- Sire: Al Hareb (USA)
- Grandsire: El Gran Senor (USA)
- Dam: Headford Lass (GB)
- Damsire: Red Alert
- Sex: Gelding
- Foaled: 1990
- Country: Australia
- Colour: Bay
- Breeder: Tasman Breeding Venture No 1
- Trainer: Ken Newman
- Record: 26: 10-6-0
- Earnings: A$893,480

Major wins
- Group One Southcorp Stakes (1994) Australia Made Stakes (1995) George Ryder Stakes (1995) (Later disqualified) Group Two QTC Cup (1996) Stanley Wootton Stakes (1995) Group Three Bobby Lewis Quality (1994) Sir Rupert Steele Stakes (1994)

Honours
- Hareeba Stakes (at Mornington)

= Hareeba =

Australian-bred Thoroughbred racehorse

Hareeba (1990–1997) was an Australian Thoroughbred racehorse who won six Black Type races including two Group One (G1) sprints in the 1990s.

He was a bay gelding sired by Al Hareb (won GB William Hill Futurity Stakes) out of Headford Lass (GB) (Red Alert (IRE)-Deep Company (GB)).

==Racing career==
Hareeba had three starts as a two-year-old without success but returned at three, and, after two further defeats, broke his maiden at Yarra Glen on 28 October 1993. This was followed with wins at Ballarat, Moonee Valley, and Flemington. In his two city wins, he broke the course record for 1,200 metres in winning by nine lengths at Moonee Valley, and defeated the following year's Caulfield Cup winner, Paris Lane, by three lengths at Flemington. After a brief let-up, Hareeba was tried in Black Type company for the first time and finished a close second to Lady Jakeo in the 1994 Australia Made Stakes. While defeated, he had finished in front of the multiple Group One winners Primacy and Schillaci, but, in a foretaste of what would be ongoing issues over the next three years, was injured and had to be spelled.

At four, he failed first-up in the Manikato Stakes but won the Bobby Lewis Quality second-up and recorded further wins, later in the spring, in the Sir Rupert Steele Stakes and the Southcorp Stakes. In the new year, he resumed with an 'amazing display of sheer speed and power' in the 1995 Australia Made Stakes, which was run down the straight at Flemington (with Moonee Valley closed for renovations).
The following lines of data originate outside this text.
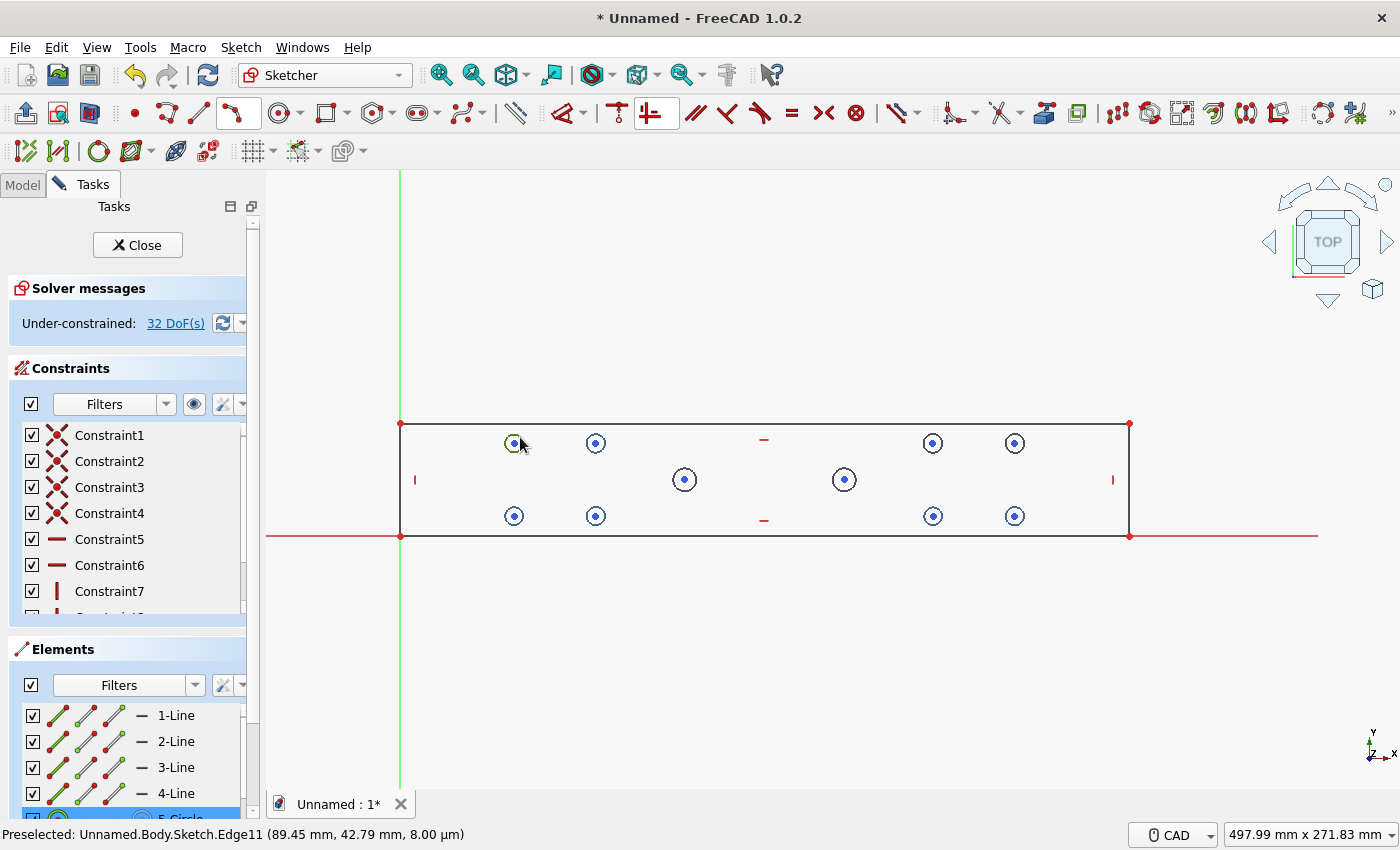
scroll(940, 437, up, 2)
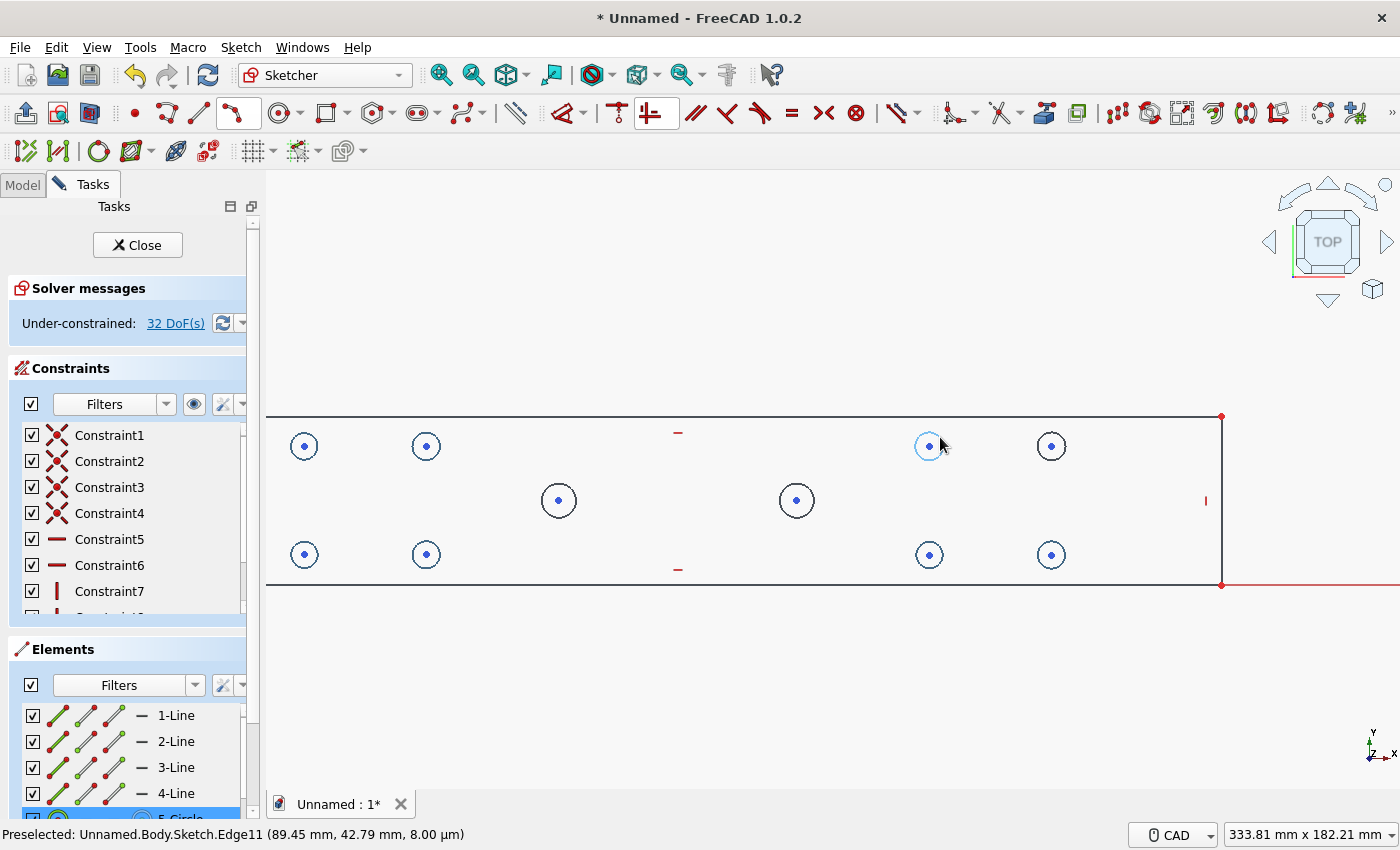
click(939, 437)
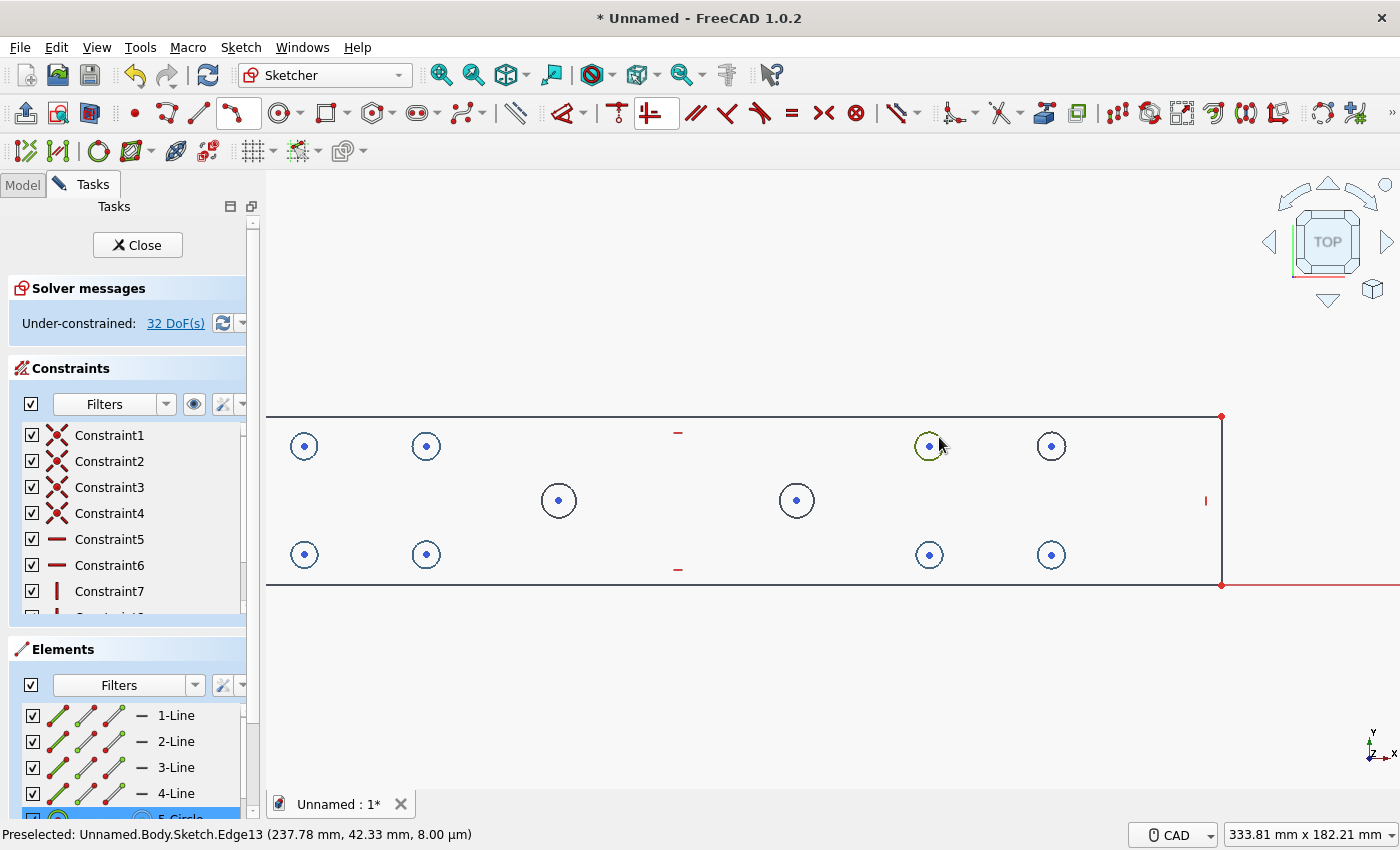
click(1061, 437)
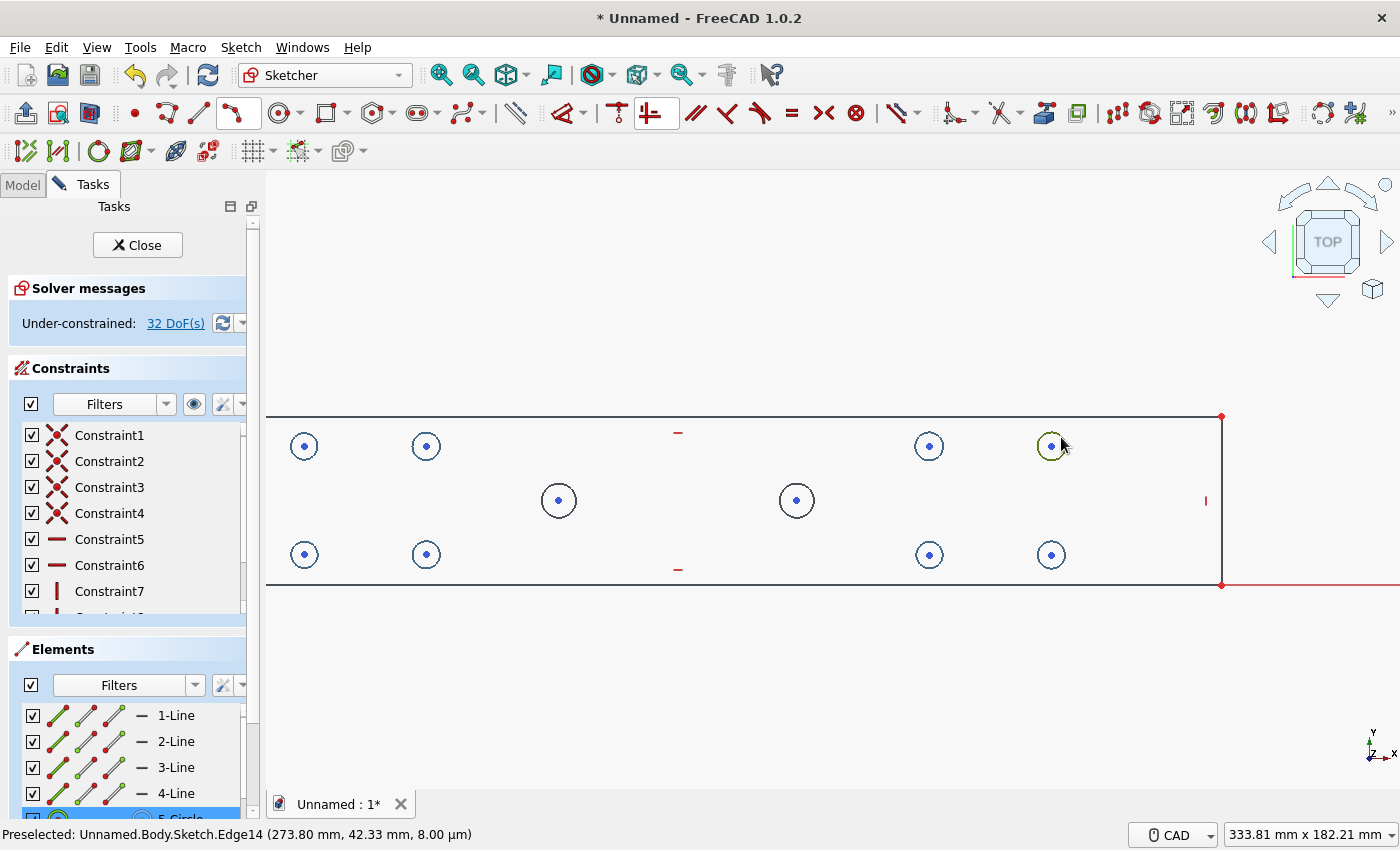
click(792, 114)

Starting odds-on, Hareeba raced out to a massive lead on the flat side and won by five and a half lengths. At his next start, he raced below his best when unplaced behind Mahogany in the Lightning Stakes, and carried topweight of 58.5 kilograms when runner-up to All Our Mob in the Newmarket Handicap. Back to his best, he defeated Mahogany and Schillaci in the Stanley Wootton Stakes and again in the George Ryder Stakes (from which he was later disqualified). Hareeba was then injured and was off the scene for almost 12 months.

When he resumed in the 1996 Stanley Wootten Stakes, he started favourite but finished last of six behind All Our Mob. Following another let-up, he finished second to Mamzelle Pedrille in a Flying on the Gold Coast and scored a course record-breaking win in the QTC Cup, under topweight of 60 kilograms. Seemingly with the Stradbroke Handicap at his mercy, as he was dropping to 57 kilograms, Hareeba continued his 'enigmatic' ways and was unplaced. He returned at six for a final campaign, and was unplaced in the 1997 Rubiton Stakes before breaking down completely in trackwork. Connections tried to save him and wrapped his injured leg in bandages, but, ultimately, he had to be euthanased.